What happens to medical insurance when AI can predict your health ‘outcome’?
- Five million individuals will be remotely monitored by healthcare providers by 2023
- That will be fine if you’ve got a clean bill of health - if you pay for medical insurance the monitoring will keep you on-track and your premiums will be lower
- But if you haven’t got a clean bill of health it could be bad news
Have you ever wondered to yourself if the industry you’ve spent ‘x’ number of years working for is going in the right direction? Ever wondered whether it is adding to, or subtracting from, the sum of human happiness?
At least when you’re adding up the minuses (the Internet’s scope for security lapses, Google’s privacy busting data collecting, Facebook and its 9 million cat videos, its regrettable teen suicides, its misuse of its members’ data etc, etc), you can turn to some real plus points to cheer yourself up again.

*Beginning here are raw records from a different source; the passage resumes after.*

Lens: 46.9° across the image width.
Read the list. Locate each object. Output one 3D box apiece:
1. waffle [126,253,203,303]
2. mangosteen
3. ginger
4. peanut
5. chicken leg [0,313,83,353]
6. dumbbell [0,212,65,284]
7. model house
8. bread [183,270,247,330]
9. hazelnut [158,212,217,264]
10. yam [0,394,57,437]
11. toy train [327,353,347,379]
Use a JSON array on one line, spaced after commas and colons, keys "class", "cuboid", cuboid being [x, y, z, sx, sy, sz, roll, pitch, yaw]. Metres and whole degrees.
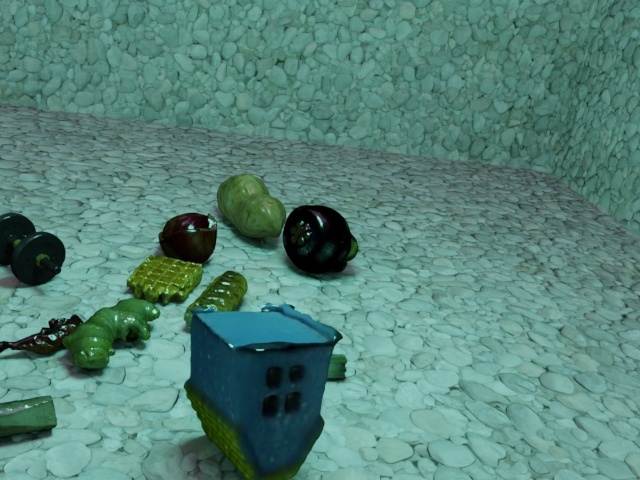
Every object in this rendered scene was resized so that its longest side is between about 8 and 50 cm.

One of my favourites has been medical technology and IoT. It holds out great promise: monitoring patients with chronic conditions using tracker-style radio gadgets; using the Internet to form patient groups which can then self-help. Then there’s the data. All that tracker data as well as the data already kept in patent records can be anonymised into vast ‘big data’ sets capable of yielding all sorts of medical insights to spur interventions and assist with the development of new treatments.
Unalloyed good, surely?
Certainly it’s generating unalloyed cash for IT investors. According to Juniper Research wearables, including health trackers and remote patient monitoring devices, are set to become ‘must haves’ in delivering healthcare. It estimates that $20 billion is forecast to be spent annually on these devices by 2023. Meanwhile, assistive hearables, or connected hearing aids made available via healthcare providers, as well as directly to customers at varying price models, will mean this sector generates revenues of over $40 billion by 2022.

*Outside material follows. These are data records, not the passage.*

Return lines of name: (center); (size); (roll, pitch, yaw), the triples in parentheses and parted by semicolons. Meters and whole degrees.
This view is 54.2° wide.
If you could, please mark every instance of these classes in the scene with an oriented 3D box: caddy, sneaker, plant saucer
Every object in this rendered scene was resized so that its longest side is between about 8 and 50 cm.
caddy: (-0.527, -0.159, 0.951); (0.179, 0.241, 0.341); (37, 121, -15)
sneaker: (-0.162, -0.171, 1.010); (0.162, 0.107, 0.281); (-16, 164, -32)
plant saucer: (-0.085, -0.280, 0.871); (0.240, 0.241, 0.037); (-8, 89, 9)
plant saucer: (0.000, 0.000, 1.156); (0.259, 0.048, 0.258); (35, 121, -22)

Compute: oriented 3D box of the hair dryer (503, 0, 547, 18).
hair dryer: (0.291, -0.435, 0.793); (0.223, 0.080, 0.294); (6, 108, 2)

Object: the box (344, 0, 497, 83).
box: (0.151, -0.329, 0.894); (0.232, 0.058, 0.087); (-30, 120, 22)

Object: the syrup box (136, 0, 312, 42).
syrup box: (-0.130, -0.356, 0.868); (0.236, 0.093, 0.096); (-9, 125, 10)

As a result Juniper forecasts that 5 million individuals will be remotely monitored by healthcare providers by 2023.
It’s a great business.
But it gets better. Juniper says that the data will spur “the advanced ability of AI-enabled software analytics to proactively identify individuals at risk of their condition worsening.”
Juniper has a free white paper ‘Will Digital Health be Ready for Complete AI Dominance?’ that’s well worth reading.
But as you might have expected, there’s a problem.
“As wearables become part of patients’ treatment plans, OEMs will seek to adjust their business models and generate revenues from devices being monitored. For example, by selling data produced by the devices to insurance providers,” claims Juniper. It forecasts that service revenues of this nature will reach $855 million by 2023.
According to Research author Michael Larner, “It is vital that patients are made aware of how their personal data will be used. If not, making wearables a ‘must have’ to provide personalised care or receive medical insurance risks a backlash from patients and heightened regulatory scrutiny; stalling the effectiveness of remote monitoring.”
You can say that again!
The dynamic driving the medical insurance business is to identify those at greatest risk and either increase their premiums or refuse cover, using the money saved through lower rates of claim to offer attractive premiums to the rest of the customer base.
It may be difficult - nay impossible - to stop the leakage of AI generated info that can assist that process. So it looks likely that one of my ‘pluses’ has a huge question mark hanging over it. Let’s hope for the best.